■ **WHAT THE EXERCISE ASKS**: Reproduce the entries below exactly, but only from the line containing "#[cfg(test)]" to the line containing "let content = buf_stream", inclusive.

■ **INPUT DATA**:

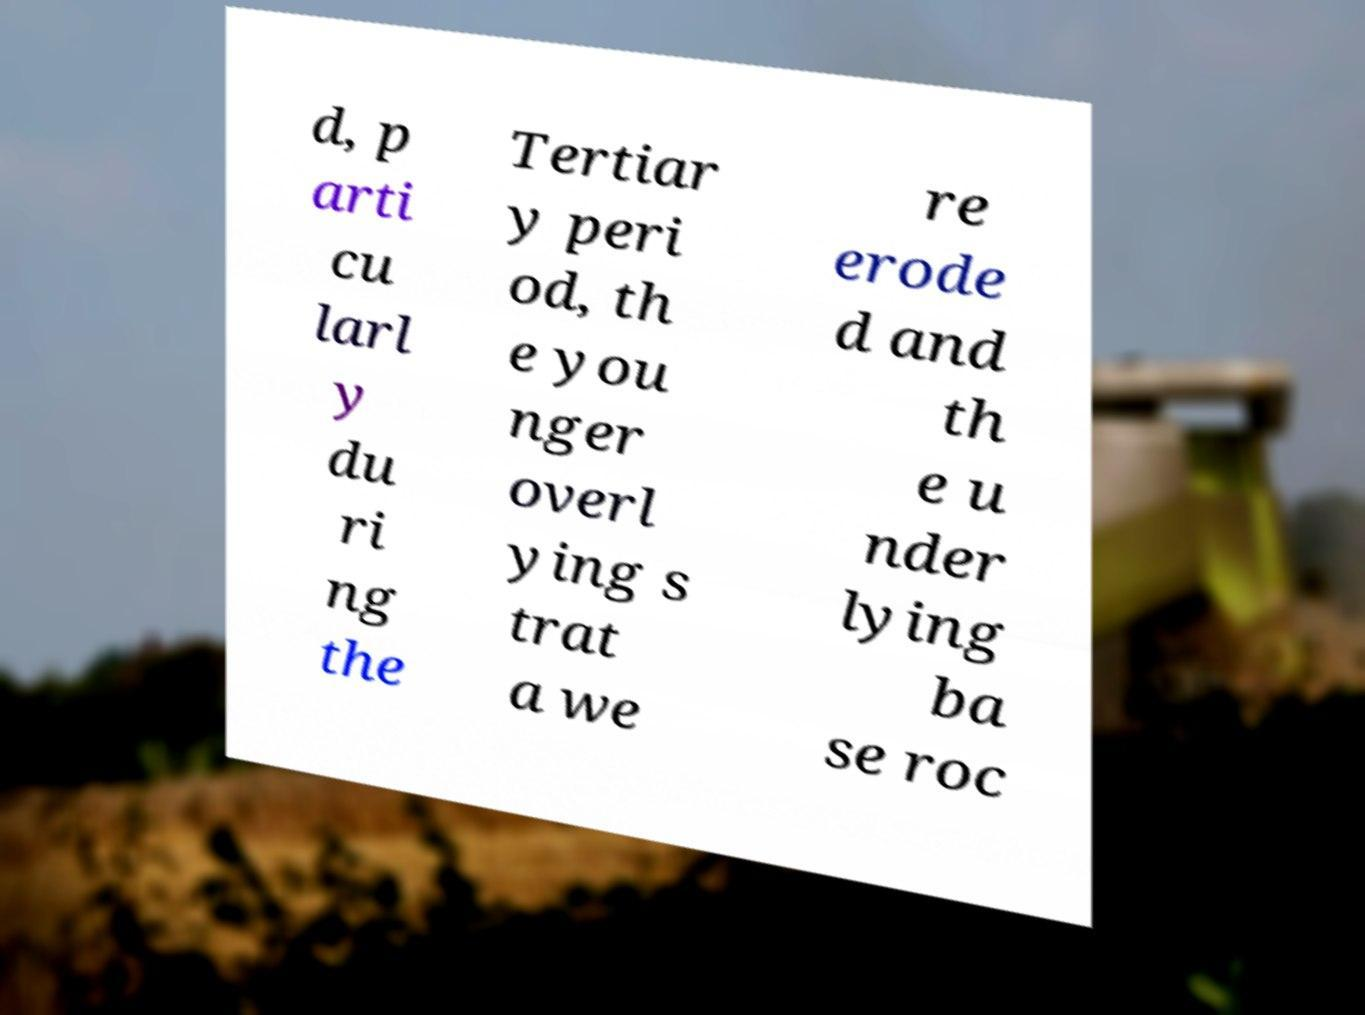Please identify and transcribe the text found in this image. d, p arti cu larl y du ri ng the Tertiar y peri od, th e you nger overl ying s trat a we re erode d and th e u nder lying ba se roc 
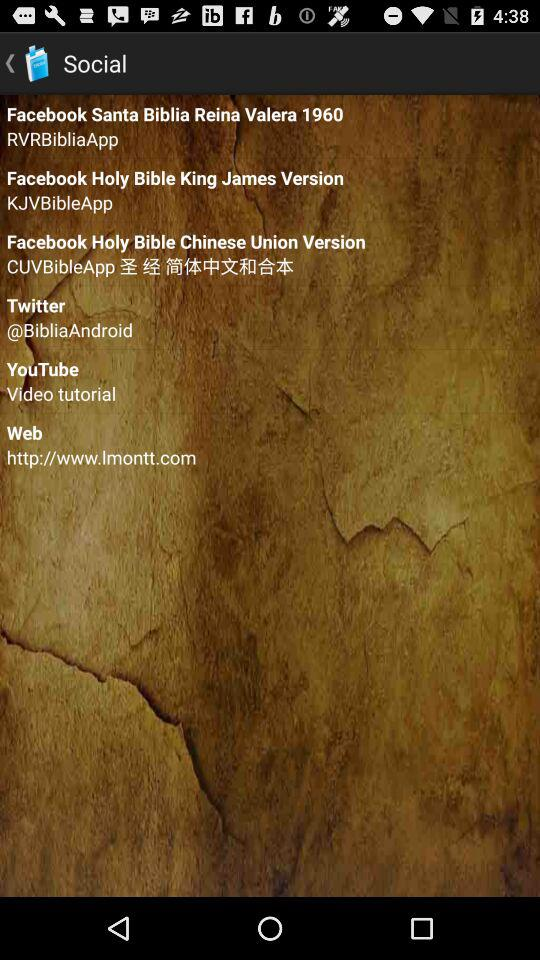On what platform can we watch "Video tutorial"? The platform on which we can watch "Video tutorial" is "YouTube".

==

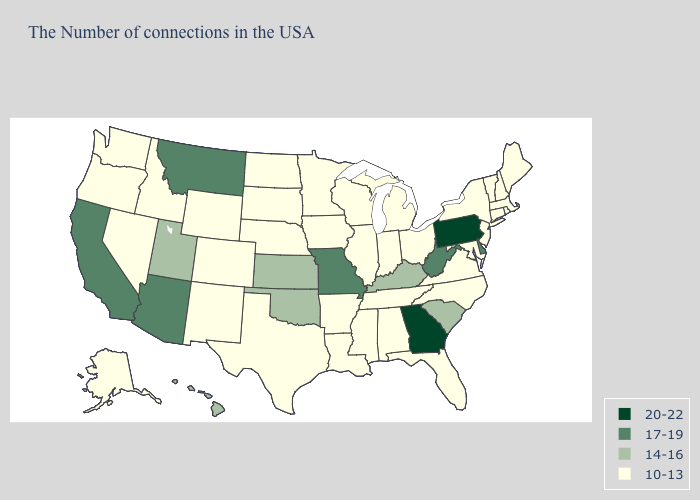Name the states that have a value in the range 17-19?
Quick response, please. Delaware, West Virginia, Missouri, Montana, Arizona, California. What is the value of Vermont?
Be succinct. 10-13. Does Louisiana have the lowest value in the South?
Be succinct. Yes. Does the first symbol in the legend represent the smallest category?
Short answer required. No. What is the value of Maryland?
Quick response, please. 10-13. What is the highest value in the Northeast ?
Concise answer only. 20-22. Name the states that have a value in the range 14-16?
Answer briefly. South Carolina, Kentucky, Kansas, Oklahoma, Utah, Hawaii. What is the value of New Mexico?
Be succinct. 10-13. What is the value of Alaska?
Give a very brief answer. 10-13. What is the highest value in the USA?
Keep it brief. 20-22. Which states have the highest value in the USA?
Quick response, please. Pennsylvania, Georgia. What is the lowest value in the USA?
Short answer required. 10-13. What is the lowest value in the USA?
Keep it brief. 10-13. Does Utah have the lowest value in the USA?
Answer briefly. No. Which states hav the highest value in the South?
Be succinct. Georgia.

---

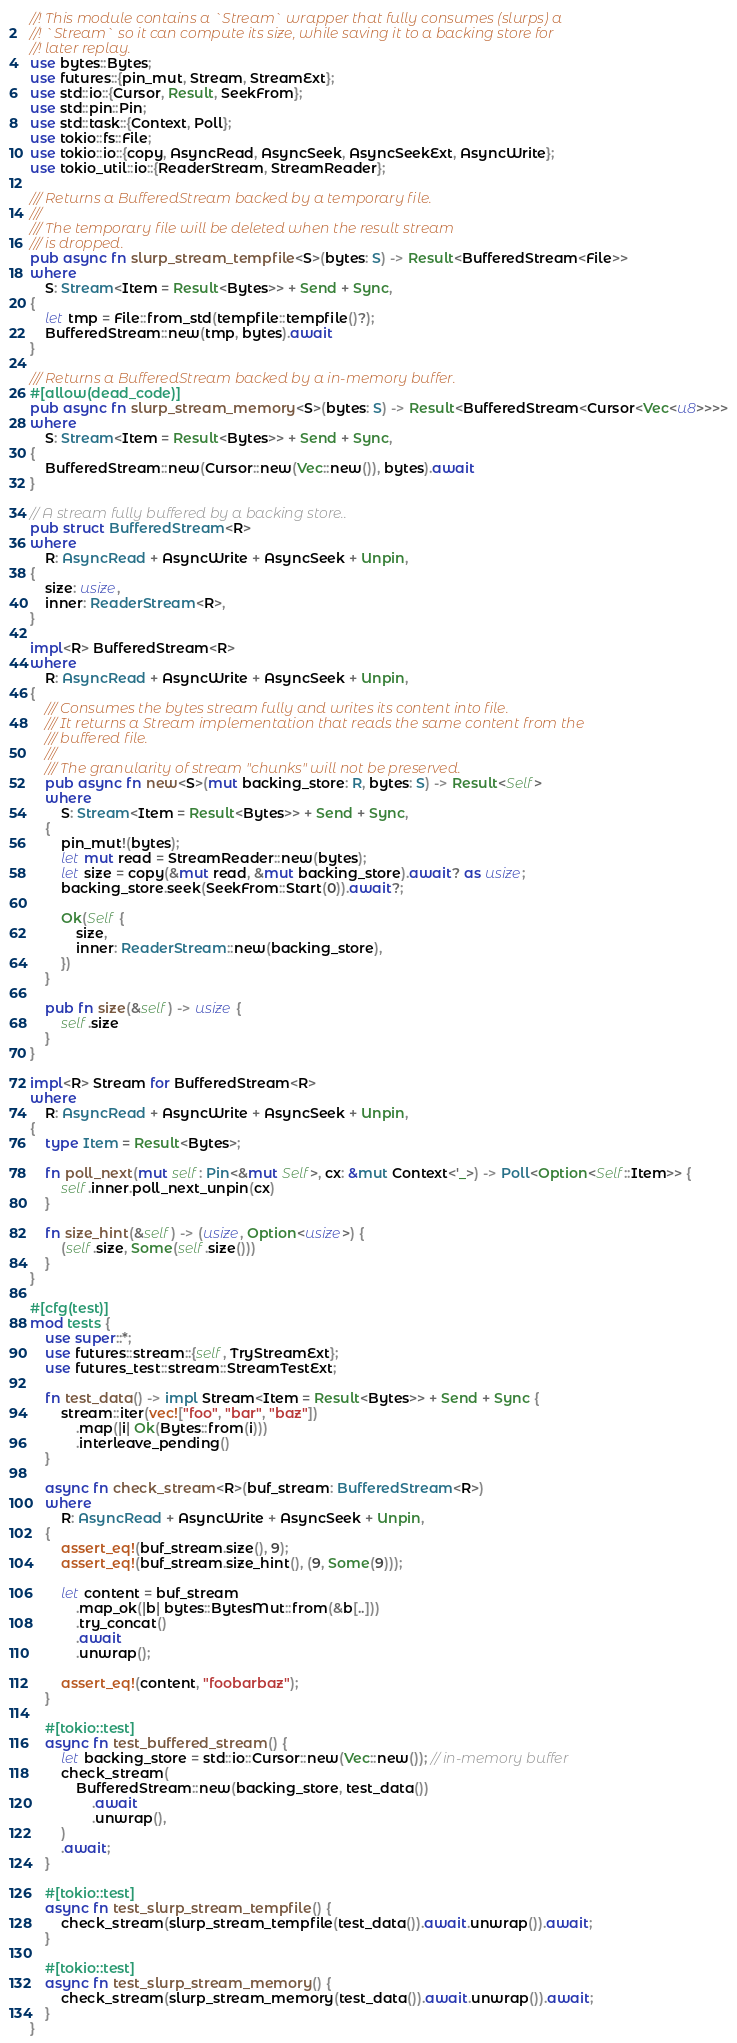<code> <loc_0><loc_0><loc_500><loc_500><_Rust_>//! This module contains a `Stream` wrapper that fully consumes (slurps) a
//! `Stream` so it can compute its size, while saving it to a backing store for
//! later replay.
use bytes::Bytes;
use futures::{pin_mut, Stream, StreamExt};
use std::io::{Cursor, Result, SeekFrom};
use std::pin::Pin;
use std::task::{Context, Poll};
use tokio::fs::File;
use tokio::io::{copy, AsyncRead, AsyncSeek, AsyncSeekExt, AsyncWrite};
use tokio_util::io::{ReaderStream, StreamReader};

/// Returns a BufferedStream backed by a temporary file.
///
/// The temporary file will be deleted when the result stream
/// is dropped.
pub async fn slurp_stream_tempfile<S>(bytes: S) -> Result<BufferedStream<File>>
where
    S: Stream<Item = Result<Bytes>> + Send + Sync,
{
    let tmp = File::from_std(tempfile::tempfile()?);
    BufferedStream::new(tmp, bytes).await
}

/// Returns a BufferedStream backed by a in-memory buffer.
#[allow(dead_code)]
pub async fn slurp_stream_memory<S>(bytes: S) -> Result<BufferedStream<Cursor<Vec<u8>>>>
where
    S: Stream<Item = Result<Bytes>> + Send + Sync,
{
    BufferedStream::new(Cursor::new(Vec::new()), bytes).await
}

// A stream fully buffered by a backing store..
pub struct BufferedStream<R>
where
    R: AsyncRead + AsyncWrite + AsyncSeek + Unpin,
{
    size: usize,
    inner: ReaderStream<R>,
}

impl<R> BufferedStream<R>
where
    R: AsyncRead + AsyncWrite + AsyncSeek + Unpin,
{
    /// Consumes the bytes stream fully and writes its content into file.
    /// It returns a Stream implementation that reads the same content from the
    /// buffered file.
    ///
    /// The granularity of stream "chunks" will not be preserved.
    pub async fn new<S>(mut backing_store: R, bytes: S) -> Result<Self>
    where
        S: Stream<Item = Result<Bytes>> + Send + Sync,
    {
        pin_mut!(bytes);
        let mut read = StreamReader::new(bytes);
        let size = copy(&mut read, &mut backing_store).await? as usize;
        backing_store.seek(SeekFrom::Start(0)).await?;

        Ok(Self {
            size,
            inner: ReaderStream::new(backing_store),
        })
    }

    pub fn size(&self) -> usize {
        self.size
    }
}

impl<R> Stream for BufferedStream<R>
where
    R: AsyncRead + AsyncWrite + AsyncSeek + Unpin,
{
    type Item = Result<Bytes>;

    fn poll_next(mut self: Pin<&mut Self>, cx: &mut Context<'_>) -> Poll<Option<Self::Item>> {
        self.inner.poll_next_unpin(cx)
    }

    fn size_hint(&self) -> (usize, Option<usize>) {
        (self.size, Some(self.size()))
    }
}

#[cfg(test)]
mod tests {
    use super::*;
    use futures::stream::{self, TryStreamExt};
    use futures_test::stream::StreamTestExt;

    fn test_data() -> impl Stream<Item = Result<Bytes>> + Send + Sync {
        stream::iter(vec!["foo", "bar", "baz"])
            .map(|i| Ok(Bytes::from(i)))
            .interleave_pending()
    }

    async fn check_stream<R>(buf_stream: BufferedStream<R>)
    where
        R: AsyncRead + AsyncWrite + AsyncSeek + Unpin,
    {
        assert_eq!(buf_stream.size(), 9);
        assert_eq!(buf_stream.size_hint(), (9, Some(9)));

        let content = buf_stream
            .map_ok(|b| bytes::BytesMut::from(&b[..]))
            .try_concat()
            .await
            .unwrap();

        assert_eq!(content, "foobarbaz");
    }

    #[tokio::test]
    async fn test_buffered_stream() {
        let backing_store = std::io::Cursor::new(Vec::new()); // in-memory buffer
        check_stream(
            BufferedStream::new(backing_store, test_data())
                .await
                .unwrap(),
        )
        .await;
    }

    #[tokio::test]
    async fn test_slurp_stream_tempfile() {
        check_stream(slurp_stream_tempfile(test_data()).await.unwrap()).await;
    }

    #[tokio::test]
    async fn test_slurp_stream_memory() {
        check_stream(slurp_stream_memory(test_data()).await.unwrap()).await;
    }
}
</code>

■ **SOLUTION TO THE PROBLEM**:
#[cfg(test)]
mod tests {
    use super::*;
    use futures::stream::{self, TryStreamExt};
    use futures_test::stream::StreamTestExt;

    fn test_data() -> impl Stream<Item = Result<Bytes>> + Send + Sync {
        stream::iter(vec!["foo", "bar", "baz"])
            .map(|i| Ok(Bytes::from(i)))
            .interleave_pending()
    }

    async fn check_stream<R>(buf_stream: BufferedStream<R>)
    where
        R: AsyncRead + AsyncWrite + AsyncSeek + Unpin,
    {
        assert_eq!(buf_stream.size(), 9);
        assert_eq!(buf_stream.size_hint(), (9, Some(9)));

        let content = buf_stream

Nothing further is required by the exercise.